What needs to be done:
Only certain lines below are wanted: those starting at the line containing "let d = Array.make (m + 1) 0" and ending at the line containing "let rec f a", both included, each retyped exactly.

Entries supplied:
[Start of Attachment]

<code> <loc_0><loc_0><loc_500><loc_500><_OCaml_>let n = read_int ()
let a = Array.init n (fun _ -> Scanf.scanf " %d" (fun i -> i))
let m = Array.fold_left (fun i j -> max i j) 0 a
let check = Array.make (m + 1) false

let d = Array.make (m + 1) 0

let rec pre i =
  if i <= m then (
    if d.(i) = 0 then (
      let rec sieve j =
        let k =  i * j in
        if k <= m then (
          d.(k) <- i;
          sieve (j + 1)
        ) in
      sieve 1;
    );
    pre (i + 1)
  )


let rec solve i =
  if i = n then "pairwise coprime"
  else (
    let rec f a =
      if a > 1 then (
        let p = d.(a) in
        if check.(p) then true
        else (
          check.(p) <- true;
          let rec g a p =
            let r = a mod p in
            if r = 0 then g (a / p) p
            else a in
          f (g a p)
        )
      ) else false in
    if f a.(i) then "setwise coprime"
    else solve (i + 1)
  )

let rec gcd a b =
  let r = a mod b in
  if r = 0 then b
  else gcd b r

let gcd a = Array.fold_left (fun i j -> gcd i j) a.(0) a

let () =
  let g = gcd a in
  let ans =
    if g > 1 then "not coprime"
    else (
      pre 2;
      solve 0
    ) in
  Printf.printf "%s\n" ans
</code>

[End of Attachment]
[Start of Attachment]

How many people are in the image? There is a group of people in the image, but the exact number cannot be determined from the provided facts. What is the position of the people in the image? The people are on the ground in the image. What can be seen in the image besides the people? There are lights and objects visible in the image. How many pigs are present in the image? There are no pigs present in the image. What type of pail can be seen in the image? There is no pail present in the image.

[End of Attachment]

Result of the exercise:
let d = Array.make (m + 1) 0

let rec pre i =
  if i <= m then (
    if d.(i) = 0 then (
      let rec sieve j =
        let k =  i * j in
        if k <= m then (
          d.(k) <- i;
          sieve (j + 1)
        ) in
      sieve 1;
    );
    pre (i + 1)
  )


let rec solve i =
  if i = n then "pairwise coprime"
  else (
    let rec f a =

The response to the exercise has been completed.